Es momento de repensar los rankings ¿realmente tienen como finalidad mejorar la calidad de las universidades? O ¿es que acaso favorecen un sistema perverso que privilegia una “razón instrumental” que reduce al ser humano a su funcionalidad?

Los rankings universitarios se han convertido en un instrumento ineludible para medir la calidad de las instituciones. De este modo, figurar entre los primeros puestos del SIR IBER 2018 evidencia el esfuerzo de una pulcra gestión y la bendice con la multiplicación de sus réditos: fama y fortuna. Los rankings se elaboran sobre la base de la comparación de números; esto requiere, por lo tanto, que la realidad sea traducida en resultados y en cifras. Pero este instrumento no puede tomarse como una representación de la realidad. Hacerlo sería una grosera ingenuidad.

Pensar la realidad supone una durée, como suelen decir los franceses, un tiempo propicio por el que un proceso se deja madurar. De ser por los rankings ni Kant ni Gadamer hubieran aportado al saber. Sus obras fueron tardías, pero no podríamos dudar de la profundidad ni de la capacidad de innovación de las mismas. Lo que busco subrayar es que no todo es susceptible de medición y no todo produce resultados en términos numéricos. ¿No es tiempo de romper con el hechizo cabalístico por el que los rankings orientan nuestra mirada a valorar un ser humano productor de resultados?

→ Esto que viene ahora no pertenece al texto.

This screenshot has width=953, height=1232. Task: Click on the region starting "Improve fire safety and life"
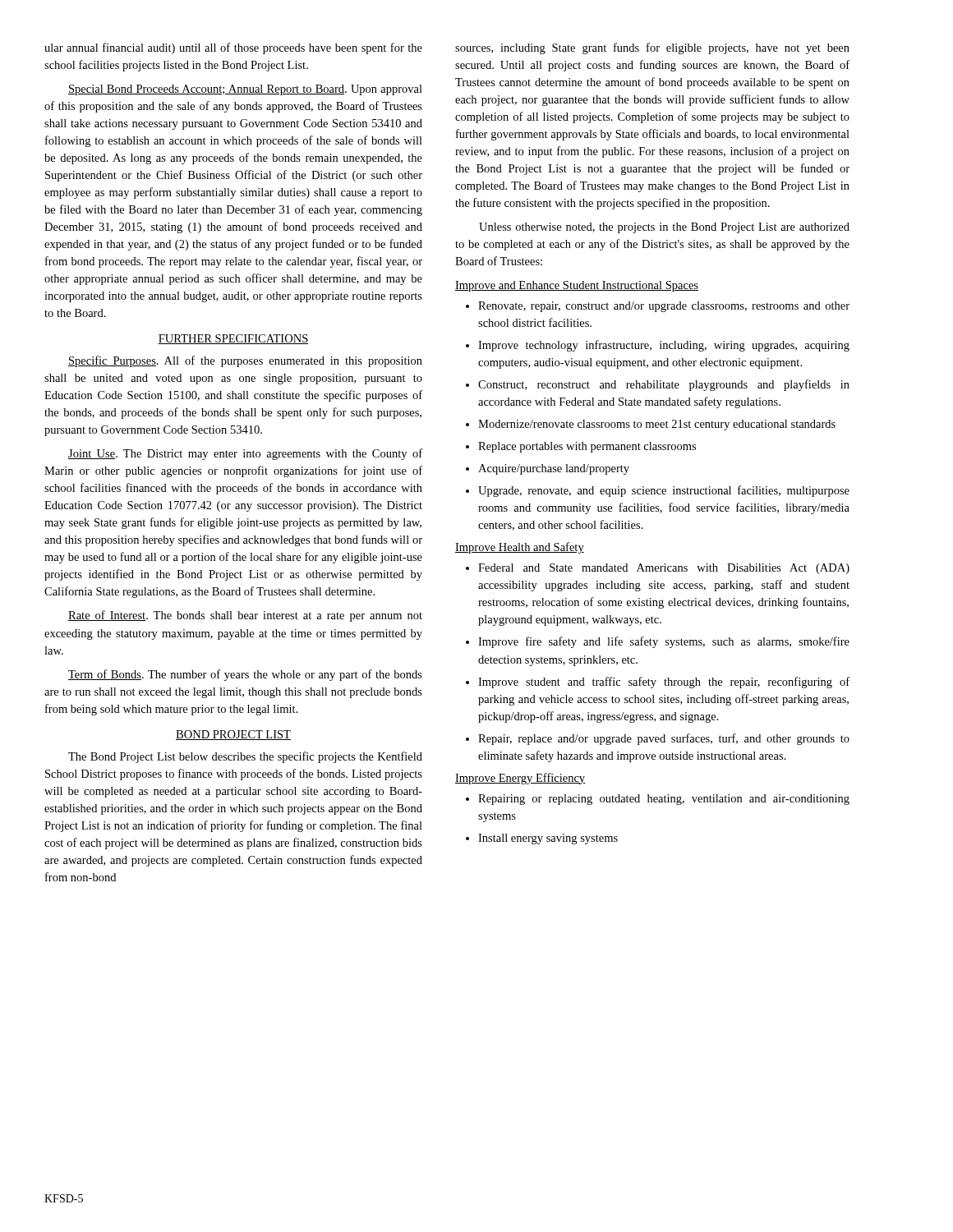[664, 651]
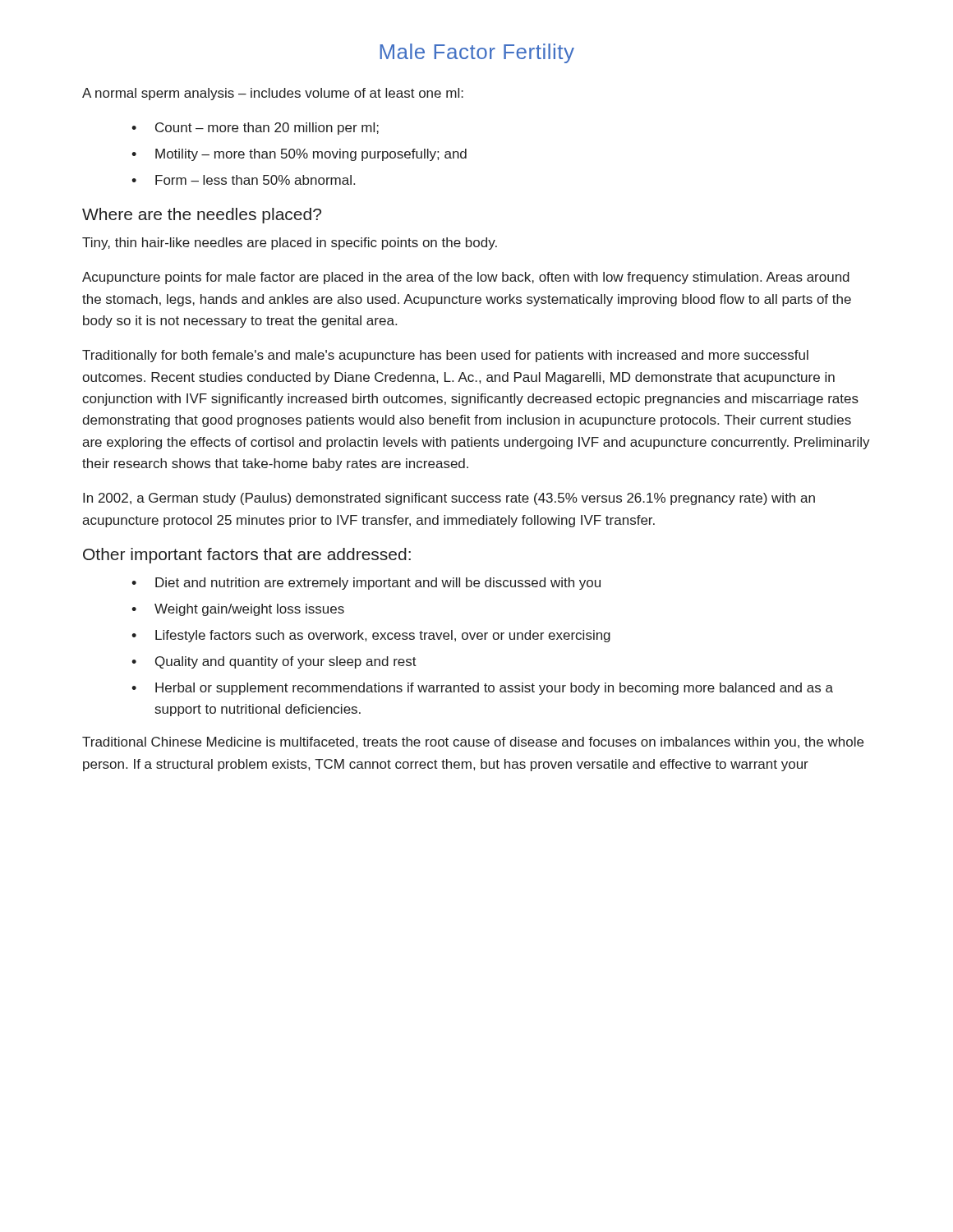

Es hasta cierto punto demasiado tarde y estamos demasiado familiarizados con el consumo; ya nos hicieron parte de una máquina que no se interesa en nosotros, sino en nuestra capacidad para evacuar números. Nos extrañamos de corroborar que en el país haya corrupción y violencia, pero nadie quiere reconocer que la sociedad productora de números es precisamente la causa de sociedades rotas, fragmentarias y divididas. Nos sorprendemos cínicamente al ver cómo nos roban y no queremos reconocer que eso ocurre en gran parte porque estamos enseñándonos y educándonos sin poner el acento en donde debemos: la ética y la construcción de un proyecto compartido. Y no me digan que a los técnicos que hacen los rankings les apena siquiera por un momento el incendio de Notre Dame. Esta sensibilidad es otro orden; del orden de la capacidad para emocionarse con el saber que trasciende la numerología.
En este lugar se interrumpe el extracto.